= RECORD EXCERPTS =
*****
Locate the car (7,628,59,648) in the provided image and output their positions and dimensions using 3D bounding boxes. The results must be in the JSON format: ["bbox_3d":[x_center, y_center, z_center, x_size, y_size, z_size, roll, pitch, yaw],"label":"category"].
*****
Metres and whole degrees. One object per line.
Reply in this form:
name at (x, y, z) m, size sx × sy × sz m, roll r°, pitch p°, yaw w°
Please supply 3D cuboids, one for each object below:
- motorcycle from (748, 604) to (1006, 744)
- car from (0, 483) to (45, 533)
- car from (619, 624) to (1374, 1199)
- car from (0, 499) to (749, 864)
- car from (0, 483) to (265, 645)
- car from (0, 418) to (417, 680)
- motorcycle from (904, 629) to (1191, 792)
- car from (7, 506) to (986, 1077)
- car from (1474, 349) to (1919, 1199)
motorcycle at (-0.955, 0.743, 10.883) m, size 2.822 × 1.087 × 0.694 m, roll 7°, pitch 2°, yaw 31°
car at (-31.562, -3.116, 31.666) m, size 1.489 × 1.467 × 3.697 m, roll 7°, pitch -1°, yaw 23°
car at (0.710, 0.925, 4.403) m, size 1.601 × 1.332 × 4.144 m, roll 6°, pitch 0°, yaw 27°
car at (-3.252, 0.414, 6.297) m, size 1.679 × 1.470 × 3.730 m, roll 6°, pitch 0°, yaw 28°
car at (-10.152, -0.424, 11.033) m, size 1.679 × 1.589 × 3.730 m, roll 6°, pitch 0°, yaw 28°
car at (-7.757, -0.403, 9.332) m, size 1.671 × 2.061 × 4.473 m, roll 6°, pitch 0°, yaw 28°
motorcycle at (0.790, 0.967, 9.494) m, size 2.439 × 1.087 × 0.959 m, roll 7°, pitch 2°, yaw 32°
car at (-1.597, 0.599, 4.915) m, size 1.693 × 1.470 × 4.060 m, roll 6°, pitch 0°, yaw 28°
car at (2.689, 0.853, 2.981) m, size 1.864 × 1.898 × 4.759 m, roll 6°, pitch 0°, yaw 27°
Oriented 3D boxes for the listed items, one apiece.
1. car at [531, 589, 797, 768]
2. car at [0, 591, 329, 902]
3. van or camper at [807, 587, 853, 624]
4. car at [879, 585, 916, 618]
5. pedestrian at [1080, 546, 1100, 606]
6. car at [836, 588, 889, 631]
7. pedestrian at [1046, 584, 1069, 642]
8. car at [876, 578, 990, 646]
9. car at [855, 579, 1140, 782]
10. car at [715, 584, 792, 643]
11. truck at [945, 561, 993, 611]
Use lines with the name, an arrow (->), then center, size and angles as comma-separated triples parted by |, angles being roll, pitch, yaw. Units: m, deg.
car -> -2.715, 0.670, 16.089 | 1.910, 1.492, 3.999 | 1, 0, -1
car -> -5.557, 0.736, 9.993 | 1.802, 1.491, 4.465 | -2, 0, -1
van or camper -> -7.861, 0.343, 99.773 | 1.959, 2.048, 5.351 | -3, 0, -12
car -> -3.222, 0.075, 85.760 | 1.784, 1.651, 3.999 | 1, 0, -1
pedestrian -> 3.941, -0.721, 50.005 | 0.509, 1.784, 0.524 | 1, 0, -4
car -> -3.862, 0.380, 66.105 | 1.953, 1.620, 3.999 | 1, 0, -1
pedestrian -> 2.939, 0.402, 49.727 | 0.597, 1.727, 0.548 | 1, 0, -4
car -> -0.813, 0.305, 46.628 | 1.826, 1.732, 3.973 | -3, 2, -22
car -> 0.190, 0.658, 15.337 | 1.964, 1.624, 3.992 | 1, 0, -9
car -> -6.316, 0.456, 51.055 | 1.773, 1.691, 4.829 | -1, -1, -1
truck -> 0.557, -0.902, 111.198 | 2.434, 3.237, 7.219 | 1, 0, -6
*****
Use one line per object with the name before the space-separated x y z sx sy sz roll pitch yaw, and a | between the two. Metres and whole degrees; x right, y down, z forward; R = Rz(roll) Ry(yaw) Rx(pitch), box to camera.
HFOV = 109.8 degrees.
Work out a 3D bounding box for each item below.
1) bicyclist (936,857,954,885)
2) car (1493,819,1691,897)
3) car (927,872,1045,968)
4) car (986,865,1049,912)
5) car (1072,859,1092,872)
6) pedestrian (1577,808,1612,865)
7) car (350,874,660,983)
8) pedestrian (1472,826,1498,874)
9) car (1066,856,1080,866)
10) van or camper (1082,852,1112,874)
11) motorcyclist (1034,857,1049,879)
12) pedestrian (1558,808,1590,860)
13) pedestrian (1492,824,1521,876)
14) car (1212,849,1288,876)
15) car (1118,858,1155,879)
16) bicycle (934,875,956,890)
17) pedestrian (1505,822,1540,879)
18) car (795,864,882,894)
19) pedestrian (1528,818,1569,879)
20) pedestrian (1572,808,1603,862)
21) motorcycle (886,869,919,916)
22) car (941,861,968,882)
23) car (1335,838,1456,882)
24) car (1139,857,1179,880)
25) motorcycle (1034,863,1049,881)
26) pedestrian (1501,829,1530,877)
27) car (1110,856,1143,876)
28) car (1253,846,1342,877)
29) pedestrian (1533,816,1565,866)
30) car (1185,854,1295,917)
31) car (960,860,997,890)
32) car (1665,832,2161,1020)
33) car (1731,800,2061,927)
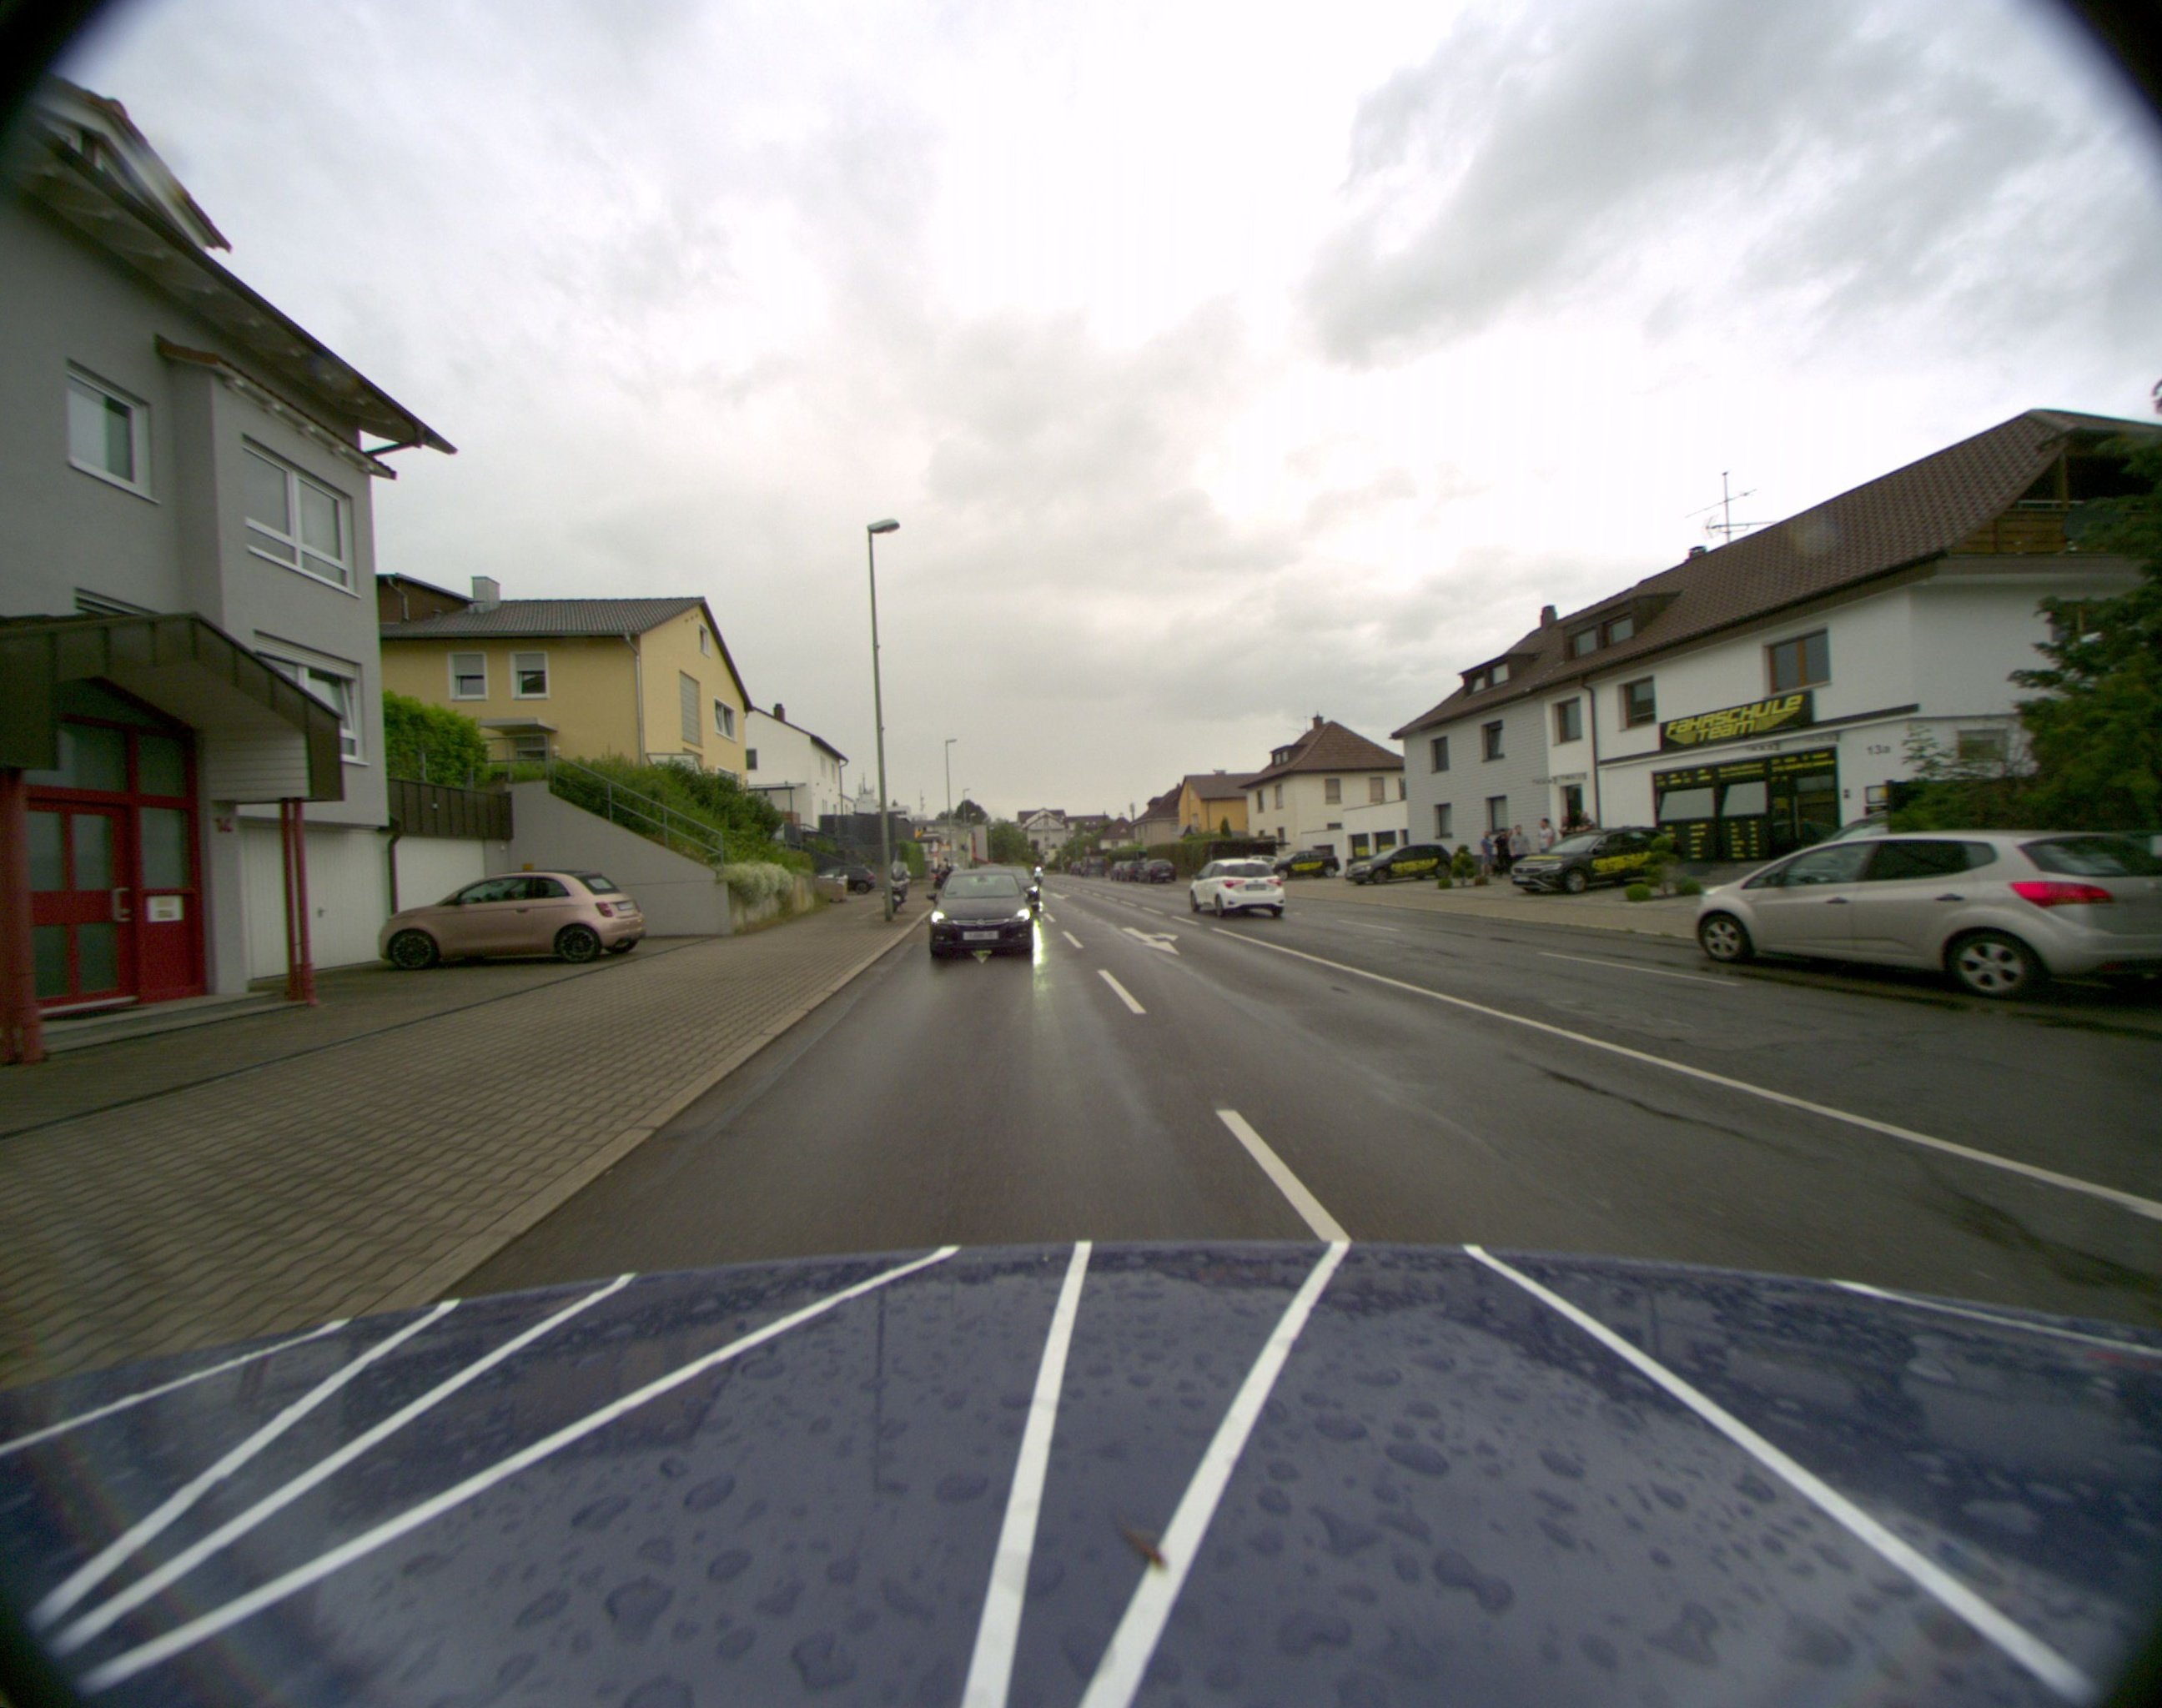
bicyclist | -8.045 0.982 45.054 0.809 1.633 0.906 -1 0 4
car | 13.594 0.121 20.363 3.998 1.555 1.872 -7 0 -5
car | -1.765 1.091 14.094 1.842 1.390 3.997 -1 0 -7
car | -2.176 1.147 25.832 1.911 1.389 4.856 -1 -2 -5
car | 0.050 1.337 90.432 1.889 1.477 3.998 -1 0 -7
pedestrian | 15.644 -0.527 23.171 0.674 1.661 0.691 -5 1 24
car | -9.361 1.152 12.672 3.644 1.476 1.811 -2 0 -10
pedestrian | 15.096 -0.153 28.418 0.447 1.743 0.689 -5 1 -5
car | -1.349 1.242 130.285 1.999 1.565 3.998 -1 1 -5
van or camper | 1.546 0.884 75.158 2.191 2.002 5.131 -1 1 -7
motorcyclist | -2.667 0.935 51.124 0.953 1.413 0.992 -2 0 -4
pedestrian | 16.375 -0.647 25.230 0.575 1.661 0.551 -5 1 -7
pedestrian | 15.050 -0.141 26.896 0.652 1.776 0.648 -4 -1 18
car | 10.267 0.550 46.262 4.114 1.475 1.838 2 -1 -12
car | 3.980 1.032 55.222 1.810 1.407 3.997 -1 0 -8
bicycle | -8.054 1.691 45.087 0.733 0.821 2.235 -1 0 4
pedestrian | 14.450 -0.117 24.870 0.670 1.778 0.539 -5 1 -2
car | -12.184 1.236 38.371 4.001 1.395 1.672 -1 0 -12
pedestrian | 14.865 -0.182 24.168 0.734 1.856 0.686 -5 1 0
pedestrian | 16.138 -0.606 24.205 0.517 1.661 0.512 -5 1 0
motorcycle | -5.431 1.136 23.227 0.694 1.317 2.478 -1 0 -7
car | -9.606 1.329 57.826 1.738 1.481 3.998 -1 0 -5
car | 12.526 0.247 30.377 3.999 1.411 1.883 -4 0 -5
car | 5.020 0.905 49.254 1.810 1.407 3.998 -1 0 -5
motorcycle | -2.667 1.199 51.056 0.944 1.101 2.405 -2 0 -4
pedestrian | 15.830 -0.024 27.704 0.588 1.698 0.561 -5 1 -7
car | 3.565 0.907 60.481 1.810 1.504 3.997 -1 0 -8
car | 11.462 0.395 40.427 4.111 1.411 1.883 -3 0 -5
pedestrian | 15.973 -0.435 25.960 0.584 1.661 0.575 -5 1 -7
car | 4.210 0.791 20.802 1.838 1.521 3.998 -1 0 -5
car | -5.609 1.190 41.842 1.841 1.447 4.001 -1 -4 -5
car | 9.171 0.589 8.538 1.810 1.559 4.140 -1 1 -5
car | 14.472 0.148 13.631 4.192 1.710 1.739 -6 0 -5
*****
= HOW TO COMPLETE THIS TASK =
Provide the count of lines in the data above containing "boxes", and nothing further.

= ANSWER =
2